Floating Point Primer
Before diving into quantization, let's understand what we're compressing.
FP32 Format (32 bits)
1 bit
8 bits
23 bits
Value = (-1)^S x 2^(E-127) x 1.Mantissa Example: 0.15625 Sign: 0 (positive) Exponent: 01111100 (124 - 127 = -3) Mantissa: 01000000000000000000000 (1.25) = 1 x 2^(-3) x 1.25 = 0.15625
Precision: ~7 significant decimal digits (relative error ~1.2e-7)
BF16 Format (16 bits)
1 bit
8 bits
7 bits
Same exponent range as FP32, but reduced precision (7 bits = ~2 decimal digits).
Relative error: ~7.8e-3 (~0.78%). This is why our BF16 kernel tests use 1e-2 tolerance.
Basic Quantization Math
Quantization maps continuous floating-point values to discrete integers.
Symmetric Quantization
# Quantize: FP32 -> INT
scale = max(abs(weights)) / (2^(bits-1) - 1)
quantized = round(weights / scale)
# Dequantize: INT -> FP32
dequantized = quantized * scale
Example (INT8, range [-127, 127]):
weights = [-0.5, 0.2, 1.0, -0.3]
scale = 1.0 / 127 = 0.00787
quantized = [-64, 25, 127, -38]
dequantized = [-0.504, 0.197, 1.0, -0.299] <- small error
Asymmetric Quantization
# Also stores zero-point for non-symmetric distributions
scale = (max - min) / (2^bits - 1)
zero_point = round(-min / scale)
quantized = round(weights / scale) + zero_point
# Useful when weights are not centered around zero
# (e.g., after ReLU activations)
With a single scale for the entire weight matrix, small values get quantized to zero. This is catastrophic for neural networks where every parameter matters.
The Problem with Single Scales
Consider a weight matrix with values ranging from -2.0 to +2.0, where some small but important values exist around 0.01:
Single Scale Failure
Weight matrix: [-2.0, 0.01, 1.5, -0.005, 0.8]
With single scale (INT4, range [-8, 7]):
scale = 2.0 / 7 = 0.286
-2.0 -> round(-2.0 / 0.286) = -7 -> dequant: -2.0 OK
0.01 -> round(0.01 / 0.286) = 0 -> dequant: 0.0 LOST!
1.5 -> round(1.5 / 0.286) = 5 -> dequant: 1.43 ~ok
-0.005-> round(-0.005/0.286) = 0 -> dequant: 0.0 LOST!

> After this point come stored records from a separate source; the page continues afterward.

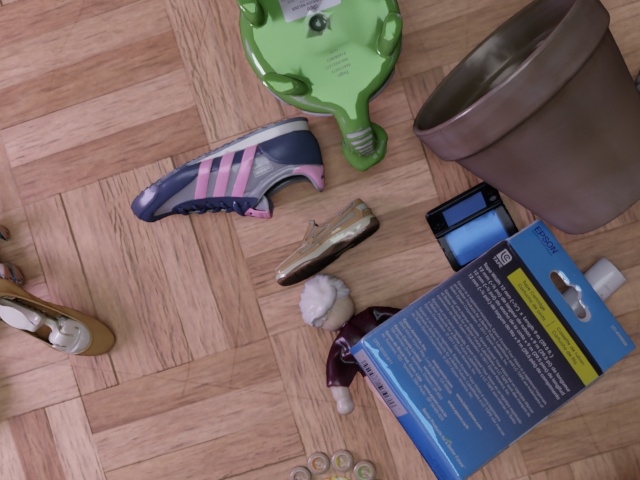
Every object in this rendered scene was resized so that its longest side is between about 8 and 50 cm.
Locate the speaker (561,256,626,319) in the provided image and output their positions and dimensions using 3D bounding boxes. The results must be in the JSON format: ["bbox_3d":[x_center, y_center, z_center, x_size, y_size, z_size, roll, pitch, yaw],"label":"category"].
[{"bbox_3d":[0.412,0.090,1.582,0.136,0.055,0.055,-44,86,4],"label":"speaker"}]

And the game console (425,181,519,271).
[{"bbox_3d":[0.241,-0.023,1.595,0.122,0.107,0.071,-29,58,4],"label":"game console"}]

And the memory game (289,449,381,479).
[{"bbox_3d":[0.024,0.431,1.639,0.186,0.012,0.186,0,90,6],"label":"memory game"}]

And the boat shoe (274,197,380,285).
[{"bbox_3d":[0.000,0.000,1.626,0.190,0.068,0.072,-32,74,-5],"label":"boat shoe"}]

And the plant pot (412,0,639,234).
[{"bbox_3d":[0.344,-0.171,1.492,0.323,0.323,0.280,-43,103,4],"label":"plant pot"}]

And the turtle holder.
[{"bbox_3d":[0.028,-0.293,1.539,0.320,0.227,0.243,41,92,4],"label":"turtle holder"}]

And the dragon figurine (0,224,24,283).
[{"bbox_3d":[-0.586,0.031,1.666,0.144,0.085,0.289,-21,89,5],"label":"dragon figurine"}]

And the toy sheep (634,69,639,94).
[{"bbox_3d":[0.526,-0.234,1.558,0.091,0.091,0.132,21,82,5],"label":"toy sheep"}]

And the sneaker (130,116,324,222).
[{"bbox_3d":[-0.144,-0.079,1.611,0.319,0.112,0.131,-25,84,6],"label":"sneaker"}]

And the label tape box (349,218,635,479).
[{"bbox_3d":[0.257,0.164,1.523,0.347,0.115,0.249,-33,82,-17],"label":"label tape box"}]

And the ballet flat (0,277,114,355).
[{"bbox_3d":[-0.439,0.138,1.616,0.232,0.073,0.080,27,104,-19],"label":"ballet flat"}]

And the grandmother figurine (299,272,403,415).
[{"bbox_3d":[0.094,0.190,1.597,0.208,0.104,0.342,-41,82,-24],"label":"grandmother figurine"}]
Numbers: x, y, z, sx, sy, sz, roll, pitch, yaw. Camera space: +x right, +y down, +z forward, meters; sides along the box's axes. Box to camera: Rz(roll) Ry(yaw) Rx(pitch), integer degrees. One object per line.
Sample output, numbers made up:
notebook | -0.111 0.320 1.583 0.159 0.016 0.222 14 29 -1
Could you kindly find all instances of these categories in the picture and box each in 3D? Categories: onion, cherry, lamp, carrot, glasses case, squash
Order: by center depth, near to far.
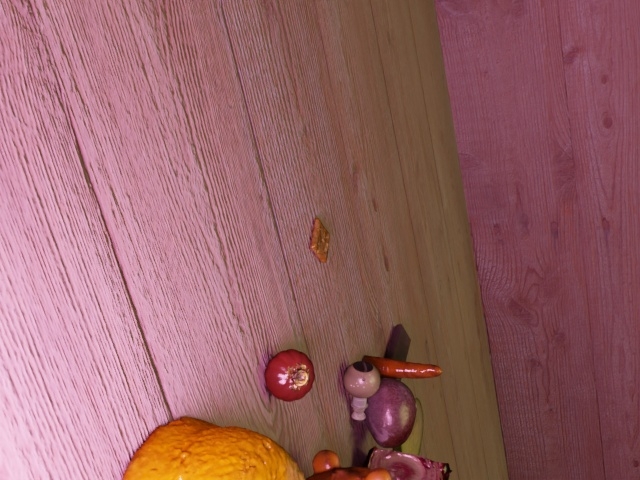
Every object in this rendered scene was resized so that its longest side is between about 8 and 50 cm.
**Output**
lamp | -0.059 0.259 1.380 0.101 0.090 0.101 3 85 -32
lamp | 0.099 0.378 1.765 0.091 0.091 0.163 -47 143 -61
onion | 0.202 0.642 1.801 0.206 0.216 0.206 79 27 -61
cherry | 0.178 0.437 1.830 0.176 0.140 0.176 172 -90 -82
carrot | 0.216 0.337 1.880 0.061 0.210 0.061 0 90 -69
glasses case | 0.223 0.335 2.117 0.072 0.042 0.190 64 30 -28
squash | 0.261 0.582 2.175 0.219 0.041 0.219 -1 90 -64

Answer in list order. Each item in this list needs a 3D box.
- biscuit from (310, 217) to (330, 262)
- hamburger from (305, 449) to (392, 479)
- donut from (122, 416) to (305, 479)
biscuit | 0.000 0.000 1.671 0.081 0.018 0.083 54 37 -50
hamburger | 0.049 0.545 1.372 0.276 0.277 0.236 -21 107 -67
donut | -0.121 0.471 1.088 0.378 0.164 0.434 -27 110 -68
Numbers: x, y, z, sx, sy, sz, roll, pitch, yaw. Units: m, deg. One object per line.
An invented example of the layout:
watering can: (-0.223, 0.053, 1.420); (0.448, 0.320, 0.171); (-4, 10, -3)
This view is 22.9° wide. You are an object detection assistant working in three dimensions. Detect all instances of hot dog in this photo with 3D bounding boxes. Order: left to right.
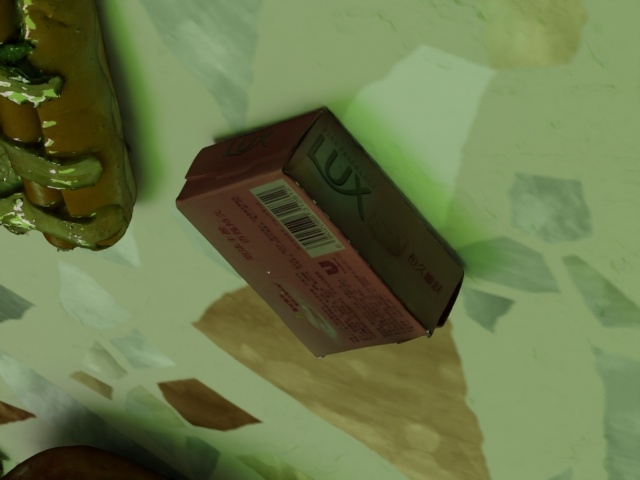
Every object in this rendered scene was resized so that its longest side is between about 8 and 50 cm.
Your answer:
hot dog: (-0.177, -0.083, 0.971); (0.109, 0.072, 0.269); (15, 144, 17)

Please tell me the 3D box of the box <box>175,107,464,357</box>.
box: (0.000, 0.000, 0.958); (0.111, 0.060, 0.156); (-15, 123, 46)

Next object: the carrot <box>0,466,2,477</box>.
carrot: (-0.431, 0.196, 1.484); (0.263, 0.102, 0.102); (26, 145, 8)

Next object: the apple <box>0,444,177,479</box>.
apple: (-0.185, 0.332, 1.304); (0.288, 0.317, 0.288); (0, 128, 1)
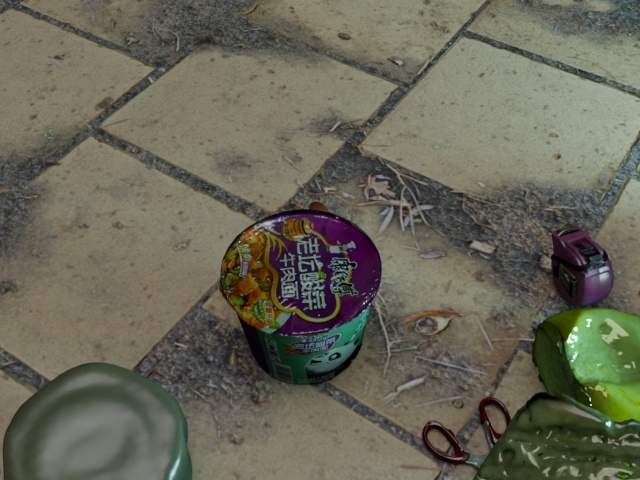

0.8 -> round(0.8 / 0.286) = 3 -> dequant: 0.86 ~ok
Small weights (0.01, -0.005) become exactly zero. These might be critical for model behavior!
Grouping: The Solution
Instead of one scale for the entire matrix, use per-group scales. Each group gets its own scale, tailored to its local range.
Group 1: Large Values
Values: [-2.0, 1.5, 0.8, -1.2]
Local max: 2.0
Scale: 2.0 / 7 = 0.286
Each value uses full INT4 range
relative to THIS group's scale.
Group 2: Small Values
Values: [0.01, -0.005, 0.008, 0.003]
Local max: 0.01
Scale: 0.01 / 7 = 0.00143
Now small values use full range!
0.01 -> 7, -0.005 -> -4, etc.
Why Group Size Matters
| Group Size | Scale Overhead | Precision | Use Case |
|---|---|---|---|
| 32 | 1 FP16 per 32 weights | Best | Q4_0, Q8_0 (common) |
| 64 | 1 FP16 per 64 weights | Good | Some custom formats |
| 128 | 1 FP16 per 128 weights | Medium | Aggressive compression |
| 256 | Nested scales | Varies | Q4_K, Q5_K "k-quants" |
Trade-off: Smaller groups = better precision but more scale storage overhead.
Quantization Formats
The block formats below are widely used for weight-only quantized inference and are common in GGUF-style model files. We implement them to make the runtime compatible with those on-disk layouts.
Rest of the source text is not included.